When he finally prised out the sheet of paper inside it, he was surprised to feel his hand trembling in the way his father’s hand might have trembled if he had lived long enough to mend kettles in his old age. He held the page closer to his eyes and forced himself to read the words floating on the page. And then he moved the page further away from his eyes and read it again. There was no angle that made it easier to comprehend. Her words were all over the place, swimming round the edges of the rectangle of paper, sometimes disappearing altogether but coming back to the centre of the lined page with its sad and final message. What did she hope he might say to her after he had read it? He was mystified. A fish van had pulled up outside the villa. The voice bellowing through a loudspeaker was shouting out the names of fish. Some were grand , some were petit . Some were six francs and some were thirteen francs. None of them had swum home. They were all caught on the way. The Sellotape that had sealed the lip of the envelope reminded him of a plaster on a graze. He took a deep breath and exhaled slowly. He was going to have to busk it at lunch with her. He checked the inside of his jacket pocket to make sure his wallet was there and kicked the envelope under the bed, telling himself once again how much he hated Tuesdays. And Wednesdays, Thursdays, Fridays, etc.

et cetera

A Latin expression meaning ‘and other things’ or ‘so forth’ or ‘the rest of such things’. The poem, ‘Swimming Home’, was mostly made up of etcs; he had counted seven of them in one half of the page alone. What kind of language was this?

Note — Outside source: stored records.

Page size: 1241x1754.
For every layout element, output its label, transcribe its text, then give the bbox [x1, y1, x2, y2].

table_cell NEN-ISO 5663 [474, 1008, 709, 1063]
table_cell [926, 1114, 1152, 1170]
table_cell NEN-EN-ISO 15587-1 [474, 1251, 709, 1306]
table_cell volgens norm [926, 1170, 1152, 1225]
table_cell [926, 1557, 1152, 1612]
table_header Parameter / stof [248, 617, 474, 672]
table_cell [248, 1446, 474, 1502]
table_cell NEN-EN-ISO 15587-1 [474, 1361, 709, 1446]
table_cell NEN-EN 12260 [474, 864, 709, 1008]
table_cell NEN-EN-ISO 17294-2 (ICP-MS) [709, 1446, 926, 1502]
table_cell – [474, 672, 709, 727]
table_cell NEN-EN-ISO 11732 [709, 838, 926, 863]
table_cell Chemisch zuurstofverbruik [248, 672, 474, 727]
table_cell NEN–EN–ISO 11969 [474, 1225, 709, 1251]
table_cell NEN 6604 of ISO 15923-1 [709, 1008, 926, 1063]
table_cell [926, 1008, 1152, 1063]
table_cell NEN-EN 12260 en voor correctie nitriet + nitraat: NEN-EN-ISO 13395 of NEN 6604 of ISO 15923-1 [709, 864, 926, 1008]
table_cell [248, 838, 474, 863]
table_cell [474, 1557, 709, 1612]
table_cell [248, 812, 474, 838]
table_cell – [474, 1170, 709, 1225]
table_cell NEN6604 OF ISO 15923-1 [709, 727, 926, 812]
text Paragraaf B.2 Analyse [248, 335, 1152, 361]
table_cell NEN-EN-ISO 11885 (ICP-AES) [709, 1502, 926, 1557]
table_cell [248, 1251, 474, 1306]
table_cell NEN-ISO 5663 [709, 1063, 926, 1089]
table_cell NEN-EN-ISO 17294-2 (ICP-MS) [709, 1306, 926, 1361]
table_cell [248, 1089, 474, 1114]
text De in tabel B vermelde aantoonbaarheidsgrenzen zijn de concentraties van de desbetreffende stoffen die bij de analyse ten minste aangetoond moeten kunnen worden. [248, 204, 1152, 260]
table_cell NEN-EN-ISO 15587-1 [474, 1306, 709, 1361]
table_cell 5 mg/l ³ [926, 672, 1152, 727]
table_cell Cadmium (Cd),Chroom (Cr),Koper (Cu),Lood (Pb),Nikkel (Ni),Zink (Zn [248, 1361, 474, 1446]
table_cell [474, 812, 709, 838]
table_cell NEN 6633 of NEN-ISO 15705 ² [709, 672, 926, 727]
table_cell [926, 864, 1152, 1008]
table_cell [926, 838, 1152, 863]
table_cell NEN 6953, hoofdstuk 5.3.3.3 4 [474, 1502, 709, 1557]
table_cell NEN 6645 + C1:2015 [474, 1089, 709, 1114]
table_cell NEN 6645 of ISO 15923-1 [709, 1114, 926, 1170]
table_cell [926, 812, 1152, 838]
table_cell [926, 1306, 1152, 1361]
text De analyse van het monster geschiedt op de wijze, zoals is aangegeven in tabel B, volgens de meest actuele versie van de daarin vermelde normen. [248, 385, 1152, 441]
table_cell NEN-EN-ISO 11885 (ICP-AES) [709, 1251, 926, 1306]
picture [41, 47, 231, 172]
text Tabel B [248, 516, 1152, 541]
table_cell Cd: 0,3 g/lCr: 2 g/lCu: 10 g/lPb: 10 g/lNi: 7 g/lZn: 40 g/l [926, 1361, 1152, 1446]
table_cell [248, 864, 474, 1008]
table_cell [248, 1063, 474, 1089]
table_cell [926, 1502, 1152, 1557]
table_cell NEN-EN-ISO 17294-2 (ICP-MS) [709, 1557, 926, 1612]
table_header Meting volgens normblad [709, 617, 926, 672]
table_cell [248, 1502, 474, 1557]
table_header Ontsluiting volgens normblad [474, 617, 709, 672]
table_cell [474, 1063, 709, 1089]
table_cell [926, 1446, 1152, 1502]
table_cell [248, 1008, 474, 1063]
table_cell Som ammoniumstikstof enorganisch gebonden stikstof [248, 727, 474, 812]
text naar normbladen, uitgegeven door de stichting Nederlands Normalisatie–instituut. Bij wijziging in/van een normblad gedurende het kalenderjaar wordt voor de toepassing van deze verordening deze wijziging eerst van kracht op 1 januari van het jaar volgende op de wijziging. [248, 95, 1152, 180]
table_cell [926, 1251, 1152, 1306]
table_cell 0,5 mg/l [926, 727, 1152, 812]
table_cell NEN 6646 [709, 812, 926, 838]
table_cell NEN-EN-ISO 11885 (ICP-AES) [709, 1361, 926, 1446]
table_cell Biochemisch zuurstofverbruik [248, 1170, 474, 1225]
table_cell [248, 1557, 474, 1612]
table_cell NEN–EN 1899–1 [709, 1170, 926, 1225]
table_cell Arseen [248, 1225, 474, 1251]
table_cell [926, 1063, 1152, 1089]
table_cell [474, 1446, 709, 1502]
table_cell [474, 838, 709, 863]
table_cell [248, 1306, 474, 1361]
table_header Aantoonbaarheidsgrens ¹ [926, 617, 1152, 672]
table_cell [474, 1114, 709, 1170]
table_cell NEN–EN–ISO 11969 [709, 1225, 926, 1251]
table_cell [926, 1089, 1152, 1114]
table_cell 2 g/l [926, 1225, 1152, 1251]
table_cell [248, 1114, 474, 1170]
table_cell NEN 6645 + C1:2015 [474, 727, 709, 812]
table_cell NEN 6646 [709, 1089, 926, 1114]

My mother says I’m the only jewel in her crown

But I’ve made her tired with all my etc,

So now she walks with sticks

To accept her language was to accept that she held him, her reader, in great esteem. He was being asked to make something of it and what he made of it was that every etc concealed some thing that could not be said.

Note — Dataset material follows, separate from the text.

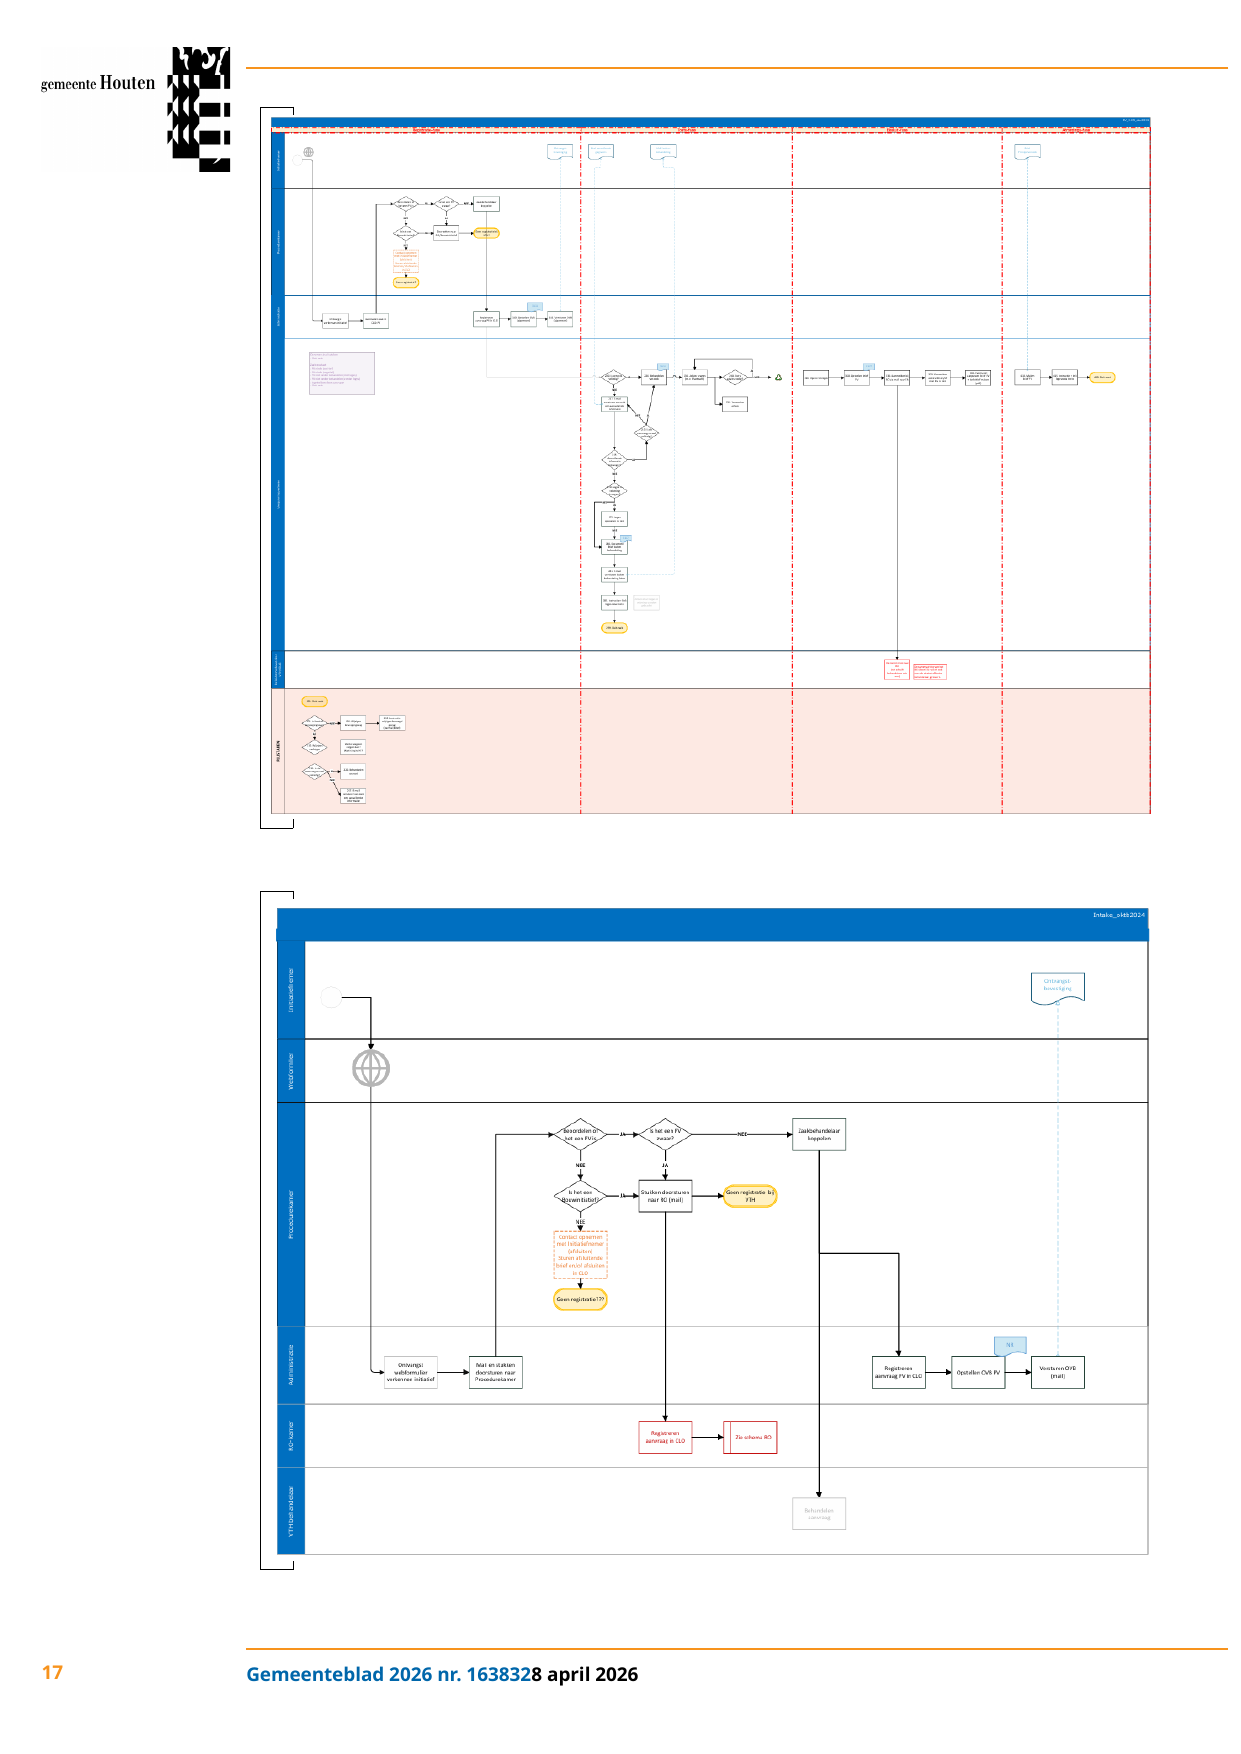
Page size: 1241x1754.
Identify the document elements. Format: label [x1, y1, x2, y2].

picture [268, 115, 1155, 819]
picture [268, 899, 1155, 1561]
picture [41, 47, 231, 172]

Kitty was waiting for him on the terrace of Claude’s café. To his displeasure he noticed that Jurgen was sitting at the table opposite her. He seemed to be playing with a piece of string, weaving it between his fingers to make a spider’s web. It was becoming clear to him that Jurgen was a sort of guard dog to Kitty Finch, not exactly baring his teeth at all intruders but he was protective and possessive all the same. He seemed to have forgotten that it was she who was the intruder. All the same Jurgen was obviously there to make sure anyone who came near her was a welcome visitor and not a trespasser. He did not seem to elicit much affection from her. It was as if she knew he must never be patted and cuddled and made to feel anything less than alert on her behalf.

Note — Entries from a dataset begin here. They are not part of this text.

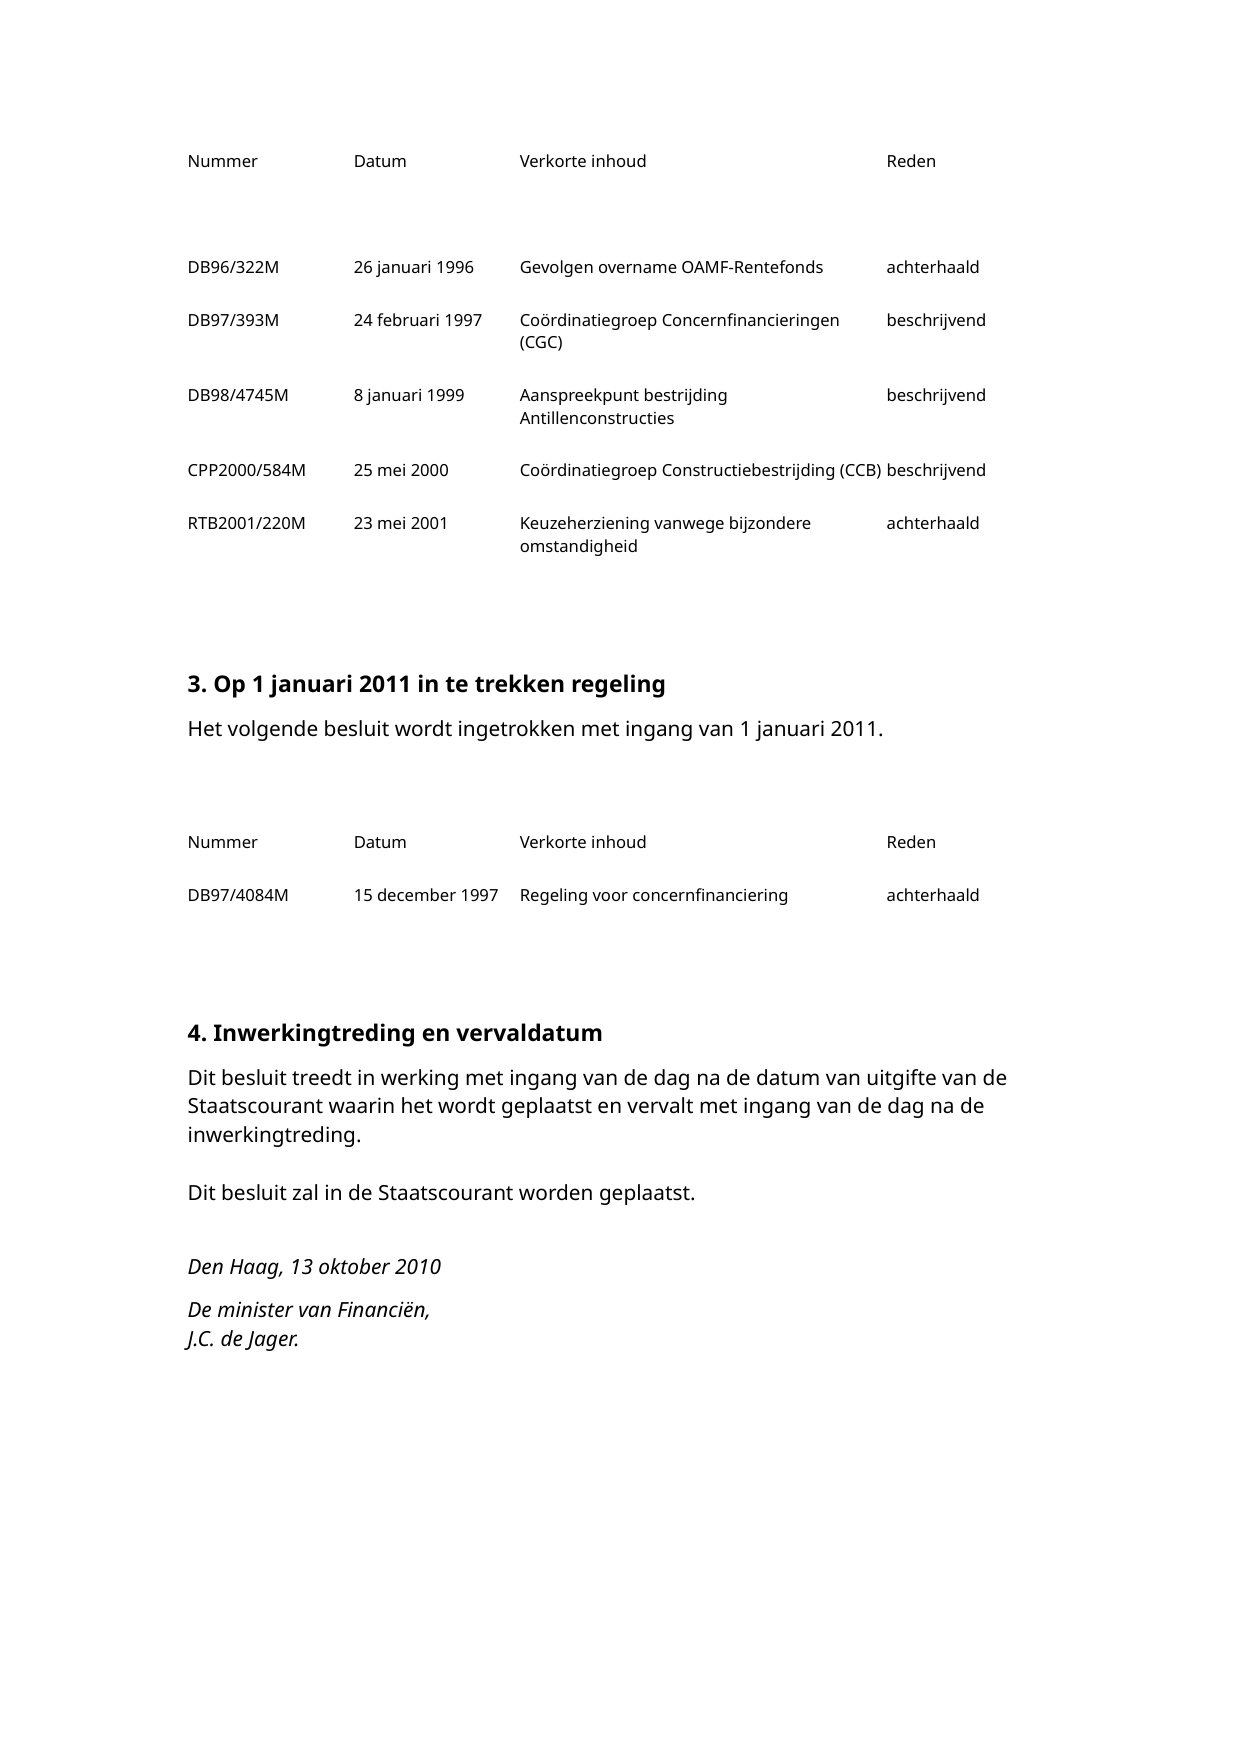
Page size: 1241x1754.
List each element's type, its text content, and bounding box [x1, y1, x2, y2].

table_cell beschrijvend [886, 459, 1053, 512]
table_cell CPP2000/584M [188, 459, 353, 512]
table_cell [188, 203, 353, 255]
table_header Reden [886, 831, 1053, 883]
table_cell [354, 203, 519, 255]
text J.C. de Jager. [187, 1324, 1053, 1352]
table_header Verkorte inhoud [520, 831, 886, 883]
table_cell DB96/322M [188, 255, 353, 308]
table_cell 15 december 1997 [354, 883, 519, 936]
table_cell beschrijvend [886, 384, 1053, 459]
table_cell 26 januari 1996 [354, 255, 519, 308]
table_cell achterhaald [886, 883, 1053, 936]
table_header Nummer [188, 150, 353, 203]
table_cell [520, 203, 886, 255]
table_cell Coördinatiegroep Constructiebestrijding (CCB) [520, 459, 886, 512]
table_cell RTB2001/220M [188, 512, 353, 587]
table_header Nummer [188, 831, 353, 883]
table_cell DB98/4745M [188, 384, 353, 459]
text Dit besluit treedt in werking met ingang van de dag na de datum van uitgifte van de Staatscourant waarin het wordt geplaatst en vervalt met ingang van de dag na de inwerkingtreding. [187, 1063, 1053, 1148]
table_cell 24 februari 1997 [354, 308, 519, 383]
text De minister van Financiën, [187, 1295, 1053, 1324]
text Dit besluit zal in de Staatscourant worden geplaatst. [187, 1178, 1053, 1207]
table_cell beschrijvend [886, 308, 1053, 383]
subtitle 3. Op 1 januari 2011 in te trekken regeling [187, 668, 1053, 699]
table_header Verkorte inhoud [520, 150, 886, 203]
table_cell 23 mei 2001 [354, 512, 519, 587]
table_cell Coördinatiegroep Concernfinancieringen (CGC) [520, 308, 886, 383]
subtitle 4. Inwerkingtreding en vervaldatum [187, 1017, 1053, 1048]
table_cell achterhaald [886, 255, 1053, 308]
table_cell Aanspreekpunt bestrijding Antillenconstructies [520, 384, 886, 459]
text Den Haag, 13 oktober 2010 [187, 1252, 1053, 1280]
table_header Datum [354, 150, 519, 203]
table_header Reden [886, 150, 1053, 203]
table_cell Regeling voor concernfinanciering [520, 883, 886, 936]
table_cell 25 mei 2000 [354, 459, 519, 512]
text Het volgende besluit wordt ingetrokken met ingang van 1 januari 2011. [187, 714, 1053, 743]
table_cell [886, 203, 1053, 255]
table_cell DB97/4084M [188, 883, 353, 936]
table_cell 8 januari 1999 [354, 384, 519, 459]
table_cell Keuzeherziening vanwege bijzondere omstandigheid [520, 512, 886, 587]
table_cell DB97/393M [188, 308, 353, 383]
table_cell Gevolgen overname OAMF-Rentefonds [520, 255, 886, 308]
table_cell achterhaald [886, 512, 1053, 587]
table_header Datum [354, 831, 519, 883]

‘Hi, Joe.’ Kitty smiled. Her forehead looked as if she had pressed it against a hot iron. She was a redhead and the sun had been brutal to her pale skin.

He nodded, jangling the coins in his jacket pocket as he sat down. ‘You should use sun block, Kitty,’ he said paternally.

Claude, who knew he looked more like Mick Jagger every day and worked quite hard on this happy genetic accident, strutted to their table carrying a large bottle of mineral water and two glasses. Joe saw this as an opportunity to pass some time and avoid talking about the poem he had kicked under his bed with the cockroaches, etc.

He turned to Kitty. ‘Did you order this?’

She shook her head and made a glum face at Claude. Joe heard himself bellowing at the pouting waiter.